## [PROBLEM REQUIREMENTS]
Repeat only the lines below from the one containing "Lengths in meters, angles in degrees." through the one containing "#20 orange juice carton [1122,481,1368,688]", inclusive, exactly as written.

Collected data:
------------------------
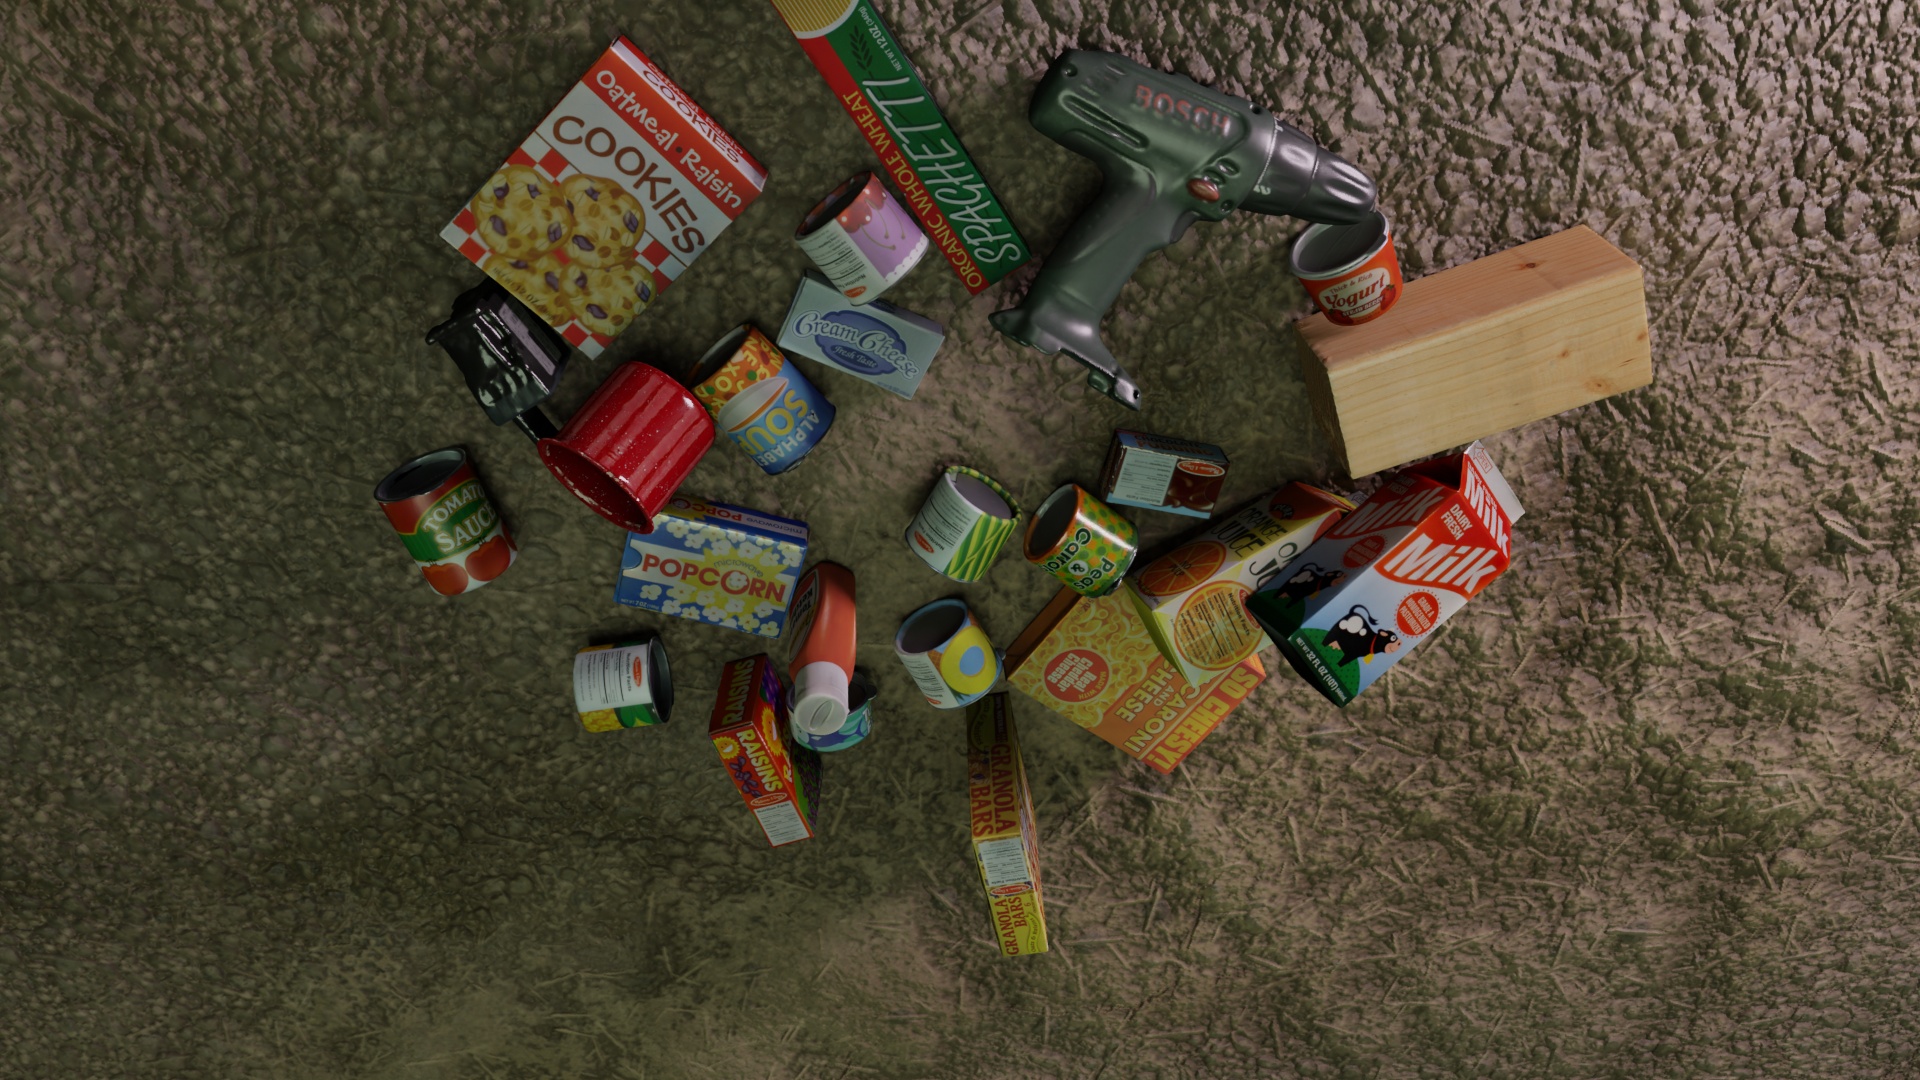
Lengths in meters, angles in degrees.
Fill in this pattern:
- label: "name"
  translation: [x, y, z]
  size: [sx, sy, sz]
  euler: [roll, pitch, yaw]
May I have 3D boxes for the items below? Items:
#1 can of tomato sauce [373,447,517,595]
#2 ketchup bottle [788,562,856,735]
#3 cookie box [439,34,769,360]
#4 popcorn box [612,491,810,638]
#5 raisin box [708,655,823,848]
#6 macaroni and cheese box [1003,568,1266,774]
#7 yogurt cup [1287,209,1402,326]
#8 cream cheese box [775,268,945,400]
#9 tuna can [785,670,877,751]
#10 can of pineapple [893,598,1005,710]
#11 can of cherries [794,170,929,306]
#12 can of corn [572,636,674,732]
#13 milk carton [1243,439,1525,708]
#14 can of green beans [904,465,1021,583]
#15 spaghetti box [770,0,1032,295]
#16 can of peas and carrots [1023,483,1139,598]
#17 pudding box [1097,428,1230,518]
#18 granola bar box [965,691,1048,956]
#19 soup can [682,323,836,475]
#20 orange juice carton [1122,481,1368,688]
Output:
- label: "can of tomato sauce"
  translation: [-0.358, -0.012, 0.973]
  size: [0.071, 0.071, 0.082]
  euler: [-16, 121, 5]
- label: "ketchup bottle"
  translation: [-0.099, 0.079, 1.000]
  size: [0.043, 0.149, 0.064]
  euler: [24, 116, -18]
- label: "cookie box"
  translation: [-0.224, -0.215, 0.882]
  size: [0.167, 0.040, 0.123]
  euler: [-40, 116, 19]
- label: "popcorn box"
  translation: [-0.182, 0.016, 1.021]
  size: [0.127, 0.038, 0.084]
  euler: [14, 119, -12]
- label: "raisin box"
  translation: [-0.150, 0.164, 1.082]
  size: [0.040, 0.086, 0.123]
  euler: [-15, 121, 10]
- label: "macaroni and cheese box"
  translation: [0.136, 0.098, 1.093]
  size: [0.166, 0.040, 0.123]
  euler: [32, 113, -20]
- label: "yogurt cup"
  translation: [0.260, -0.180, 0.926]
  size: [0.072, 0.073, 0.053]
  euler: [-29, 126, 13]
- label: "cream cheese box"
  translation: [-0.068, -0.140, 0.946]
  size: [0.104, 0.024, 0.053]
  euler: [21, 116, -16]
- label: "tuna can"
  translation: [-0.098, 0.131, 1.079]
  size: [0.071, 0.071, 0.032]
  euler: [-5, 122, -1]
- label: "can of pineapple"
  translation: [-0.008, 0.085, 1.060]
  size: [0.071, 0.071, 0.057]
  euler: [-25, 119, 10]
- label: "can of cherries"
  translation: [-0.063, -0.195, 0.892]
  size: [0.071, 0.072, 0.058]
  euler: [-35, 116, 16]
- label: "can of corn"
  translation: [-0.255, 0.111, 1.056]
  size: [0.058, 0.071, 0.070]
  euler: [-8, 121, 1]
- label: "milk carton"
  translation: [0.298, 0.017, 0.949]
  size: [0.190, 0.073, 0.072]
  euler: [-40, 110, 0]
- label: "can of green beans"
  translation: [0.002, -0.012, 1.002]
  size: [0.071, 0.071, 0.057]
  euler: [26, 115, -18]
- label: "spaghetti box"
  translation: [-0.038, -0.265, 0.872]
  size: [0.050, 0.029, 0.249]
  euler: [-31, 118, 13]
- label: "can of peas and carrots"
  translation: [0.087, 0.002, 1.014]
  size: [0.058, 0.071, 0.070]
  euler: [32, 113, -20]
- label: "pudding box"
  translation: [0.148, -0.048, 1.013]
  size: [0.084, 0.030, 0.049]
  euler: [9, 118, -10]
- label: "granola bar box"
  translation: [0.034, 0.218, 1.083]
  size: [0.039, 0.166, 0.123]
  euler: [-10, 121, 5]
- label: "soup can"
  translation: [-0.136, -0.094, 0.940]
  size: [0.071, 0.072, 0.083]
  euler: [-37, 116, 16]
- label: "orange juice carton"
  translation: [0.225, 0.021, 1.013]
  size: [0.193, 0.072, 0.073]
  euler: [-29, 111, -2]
------------------------
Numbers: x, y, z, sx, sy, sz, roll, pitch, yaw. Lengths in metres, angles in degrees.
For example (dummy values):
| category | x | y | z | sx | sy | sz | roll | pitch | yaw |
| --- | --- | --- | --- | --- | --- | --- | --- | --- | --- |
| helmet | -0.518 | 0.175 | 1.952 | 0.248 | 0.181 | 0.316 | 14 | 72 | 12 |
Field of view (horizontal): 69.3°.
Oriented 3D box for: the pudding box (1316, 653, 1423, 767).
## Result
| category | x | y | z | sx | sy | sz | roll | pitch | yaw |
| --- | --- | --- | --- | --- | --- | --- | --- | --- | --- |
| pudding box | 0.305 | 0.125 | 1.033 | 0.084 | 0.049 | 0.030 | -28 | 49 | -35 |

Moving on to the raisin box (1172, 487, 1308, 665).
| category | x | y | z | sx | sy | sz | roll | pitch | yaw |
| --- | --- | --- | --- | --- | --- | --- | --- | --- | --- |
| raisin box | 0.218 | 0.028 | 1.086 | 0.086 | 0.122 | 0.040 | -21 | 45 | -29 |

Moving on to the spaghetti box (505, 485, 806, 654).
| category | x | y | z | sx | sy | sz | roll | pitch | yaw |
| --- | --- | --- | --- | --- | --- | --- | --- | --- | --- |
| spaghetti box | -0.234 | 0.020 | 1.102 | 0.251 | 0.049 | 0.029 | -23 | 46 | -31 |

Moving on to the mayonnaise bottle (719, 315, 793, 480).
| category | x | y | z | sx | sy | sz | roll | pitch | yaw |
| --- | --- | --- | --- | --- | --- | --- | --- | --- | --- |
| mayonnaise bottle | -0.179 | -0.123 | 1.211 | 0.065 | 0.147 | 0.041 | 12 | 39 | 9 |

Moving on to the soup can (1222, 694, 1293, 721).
------------------------
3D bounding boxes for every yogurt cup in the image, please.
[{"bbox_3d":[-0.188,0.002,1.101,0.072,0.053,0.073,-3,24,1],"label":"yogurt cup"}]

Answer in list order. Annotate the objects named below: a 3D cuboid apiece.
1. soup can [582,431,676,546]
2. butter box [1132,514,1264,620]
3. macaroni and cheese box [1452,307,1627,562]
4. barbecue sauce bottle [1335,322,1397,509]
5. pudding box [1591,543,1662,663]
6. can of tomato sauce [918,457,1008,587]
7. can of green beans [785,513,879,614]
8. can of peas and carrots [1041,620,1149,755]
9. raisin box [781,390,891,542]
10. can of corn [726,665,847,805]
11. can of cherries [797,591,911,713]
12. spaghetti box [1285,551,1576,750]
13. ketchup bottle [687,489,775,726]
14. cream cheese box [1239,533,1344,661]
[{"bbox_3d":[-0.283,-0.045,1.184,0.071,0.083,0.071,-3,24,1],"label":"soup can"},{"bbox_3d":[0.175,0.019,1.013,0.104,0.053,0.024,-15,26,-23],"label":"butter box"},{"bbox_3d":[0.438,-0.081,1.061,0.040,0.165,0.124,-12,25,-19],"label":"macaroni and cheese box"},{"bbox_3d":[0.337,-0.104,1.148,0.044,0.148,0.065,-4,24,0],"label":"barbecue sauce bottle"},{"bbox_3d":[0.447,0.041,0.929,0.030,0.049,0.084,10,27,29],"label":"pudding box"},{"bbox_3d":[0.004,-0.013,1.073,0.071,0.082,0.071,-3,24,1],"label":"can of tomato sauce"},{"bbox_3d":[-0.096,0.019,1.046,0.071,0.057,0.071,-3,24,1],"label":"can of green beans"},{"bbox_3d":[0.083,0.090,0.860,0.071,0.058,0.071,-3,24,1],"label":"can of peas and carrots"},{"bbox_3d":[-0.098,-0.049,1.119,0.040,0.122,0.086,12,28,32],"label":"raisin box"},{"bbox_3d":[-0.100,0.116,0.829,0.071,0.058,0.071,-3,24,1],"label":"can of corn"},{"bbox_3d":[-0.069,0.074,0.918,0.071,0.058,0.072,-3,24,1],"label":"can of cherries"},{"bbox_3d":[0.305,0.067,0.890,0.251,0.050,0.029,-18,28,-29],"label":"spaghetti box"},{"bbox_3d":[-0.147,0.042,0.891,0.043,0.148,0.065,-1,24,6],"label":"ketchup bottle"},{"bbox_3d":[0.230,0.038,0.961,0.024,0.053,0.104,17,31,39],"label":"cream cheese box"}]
------------------------
## [RESPONSE AREA]
Lengths in meters, angles in degrees.
Fill in this pattern:
- label: "name"
  translation: [x, y, z]
  size: [sx, sy, sz]
  euler: [roll, pitch, yaw]
May I have 3D boxes for the items below? Items:
#1 can of tomato sauce [373,447,517,595]
#2 ketchup bottle [788,562,856,735]
#3 cookie box [439,34,769,360]
#4 popcorn box [612,491,810,638]
#5 raisin box [708,655,823,848]
#6 macaroni and cheese box [1003,568,1266,774]
#7 yogurt cup [1287,209,1402,326]
#8 cream cheese box [775,268,945,400]
#9 tuna can [785,670,877,751]
#10 can of pineapple [893,598,1005,710]
#11 can of cherries [794,170,929,306]
#12 can of corn [572,636,674,732]
#13 milk carton [1243,439,1525,708]
#14 can of green beans [904,465,1021,583]
#15 spaghetti box [770,0,1032,295]
#16 can of peas and carrots [1023,483,1139,598]
#17 pudding box [1097,428,1230,518]
#18 granola bar box [965,691,1048,956]
#19 soup can [682,323,836,475]
#20 orange juice carton [1122,481,1368,688]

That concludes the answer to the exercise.